The woman cranked arm over arm in a series of evasive twists while yelling incoherently. Half-formed curses strong enough to need censoring were uttered by her partner. I sat in the back with a flat expression but secretly felt impressed that my taxes went towards teaching our fine police members such colorful language.
“Breaks! Breaks! Stop the car!” the man braced both hands against the dashboard.

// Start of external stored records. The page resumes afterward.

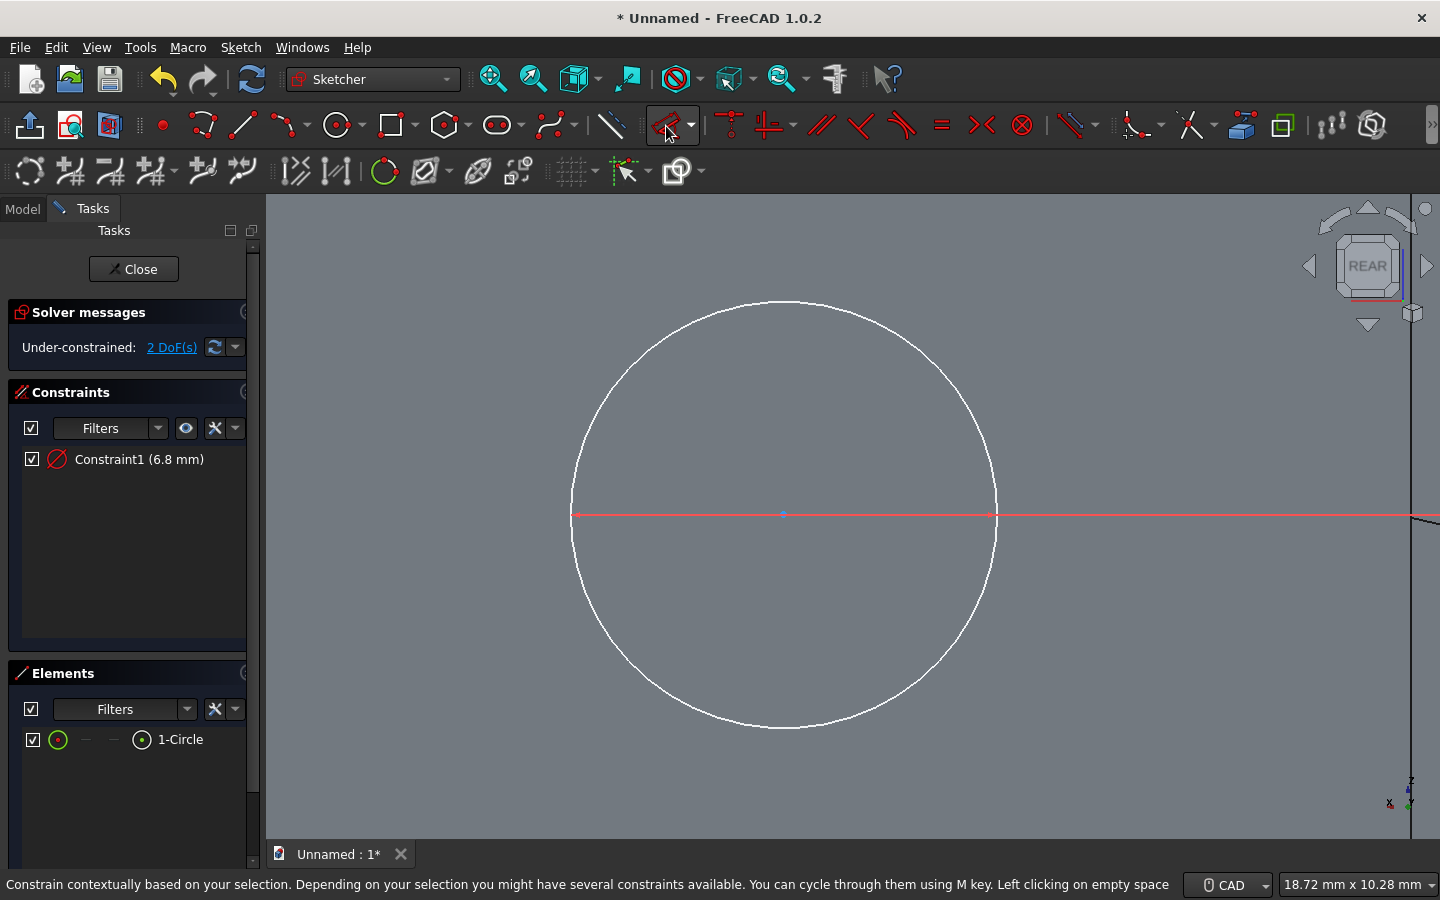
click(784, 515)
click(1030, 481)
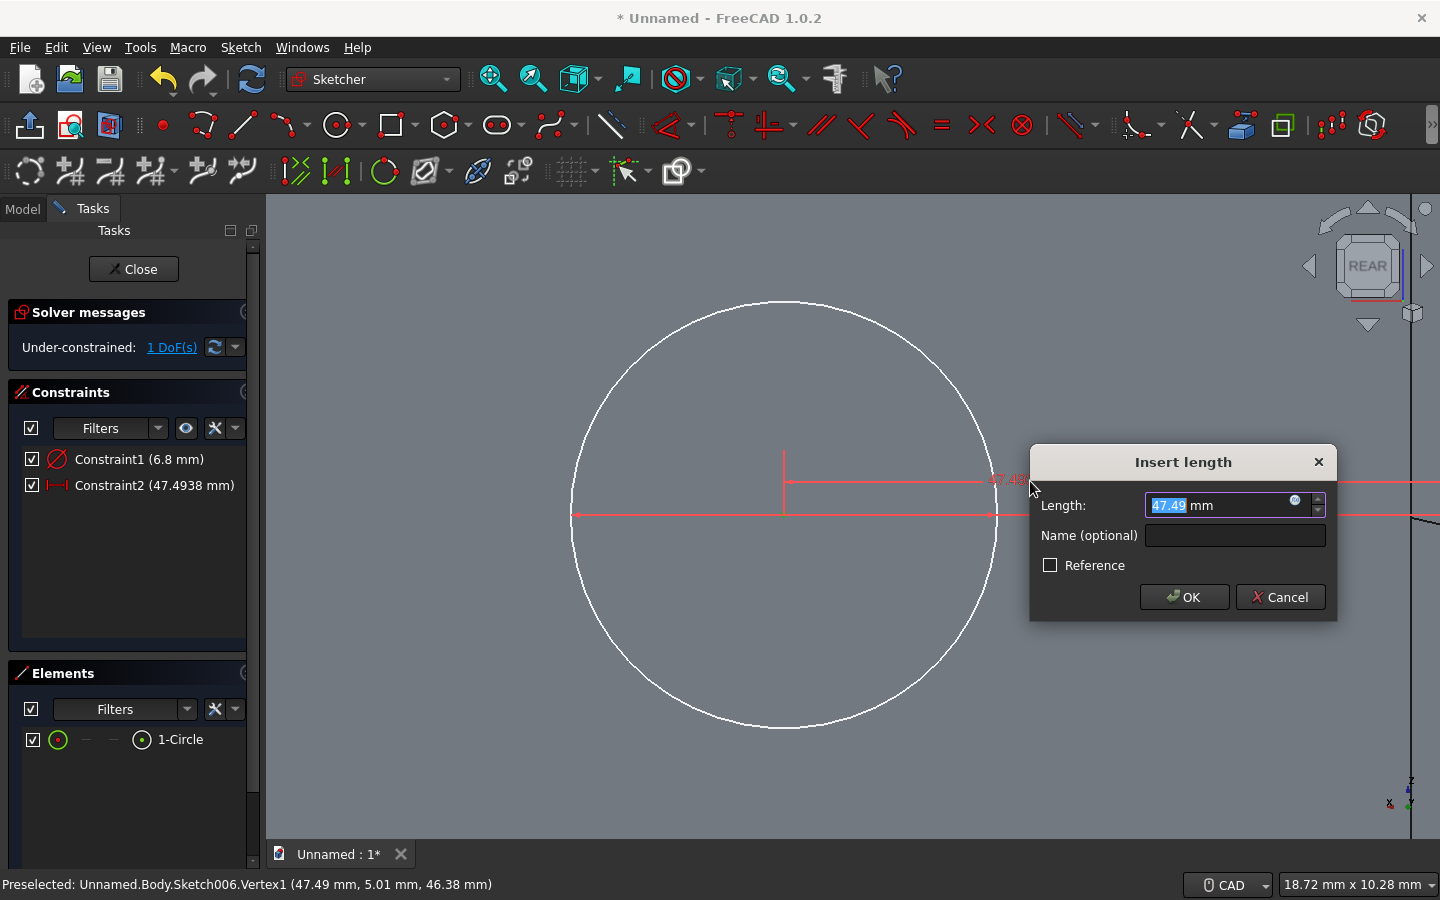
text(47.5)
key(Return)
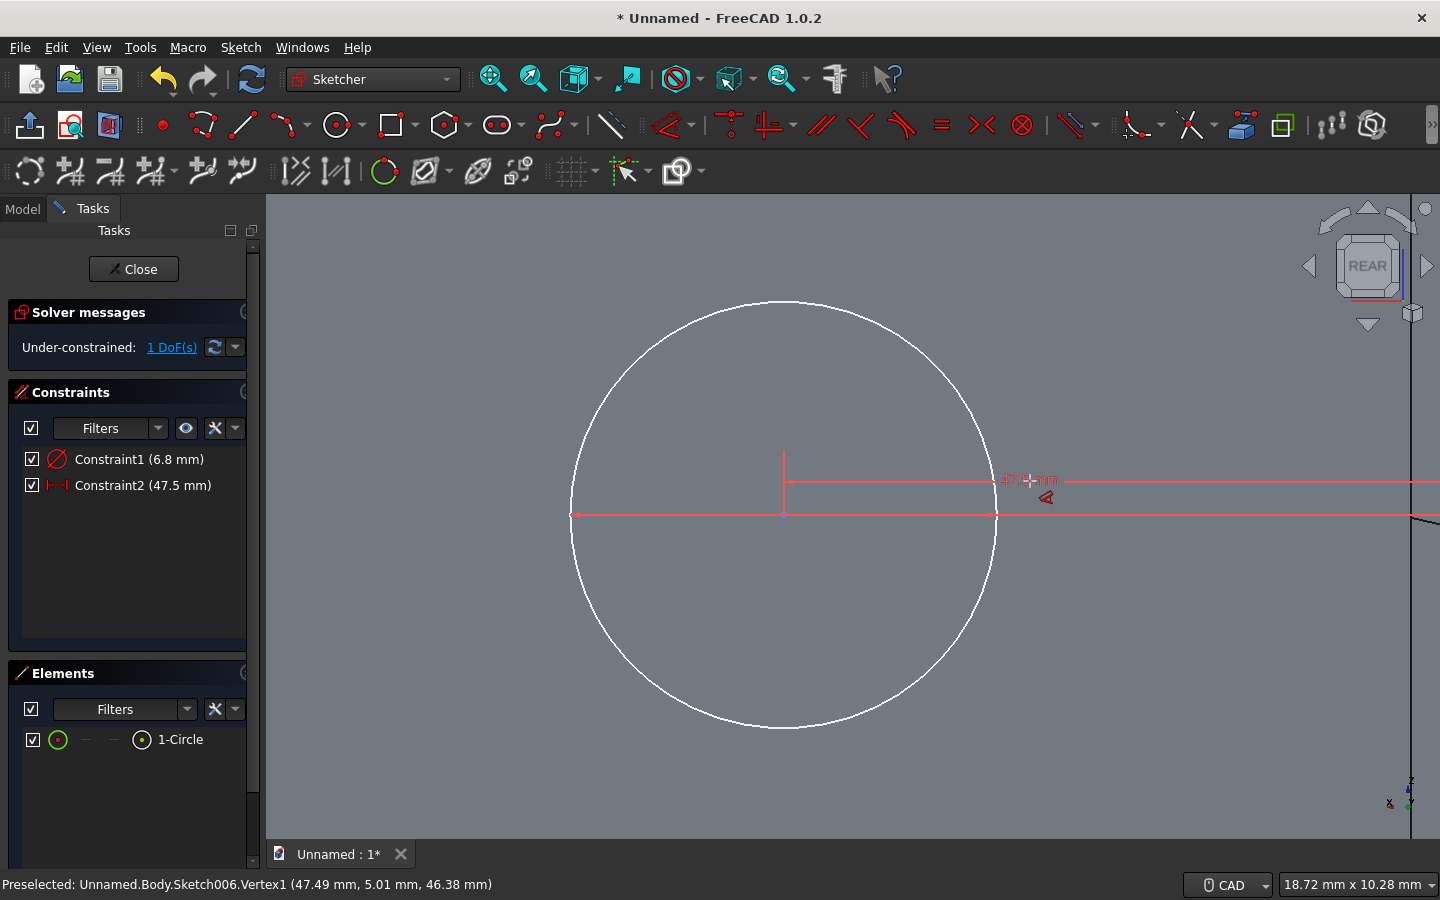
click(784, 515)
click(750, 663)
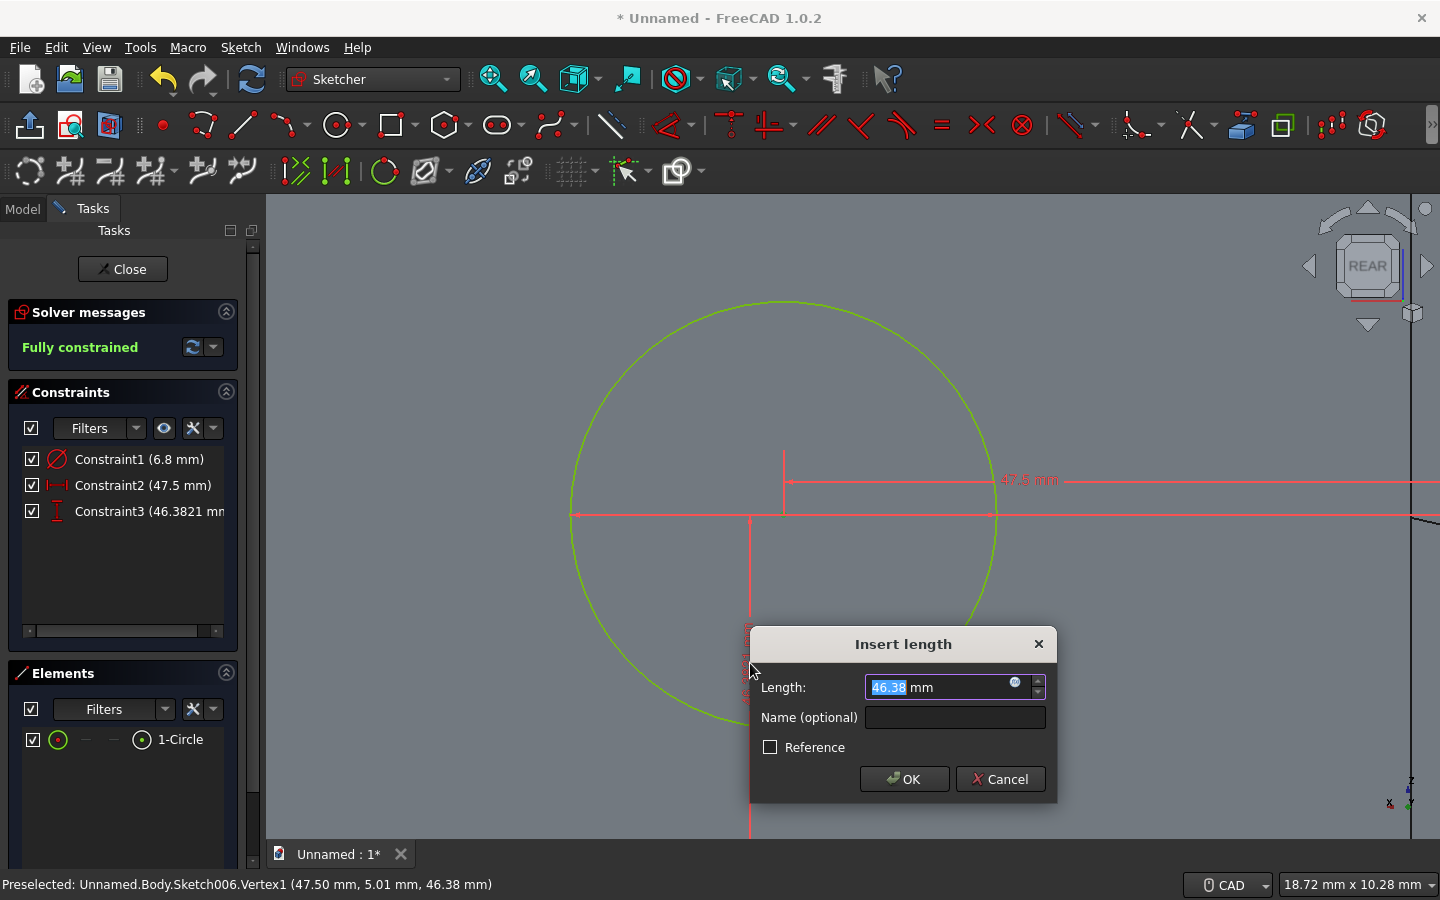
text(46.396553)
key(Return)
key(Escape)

I hung onto handle above. Screeches filled the air as other vehicles gassed around to escape the crash. Metal grinding noises and the crack of windshields gave the whole mess a pleasant undertone. One hand reached out to grab the opposite handrail. We went sideways as the vehicle slide onto its side. Feet banged into the diving bars. Exposed skin scraped into everything available and wet blood seeped out.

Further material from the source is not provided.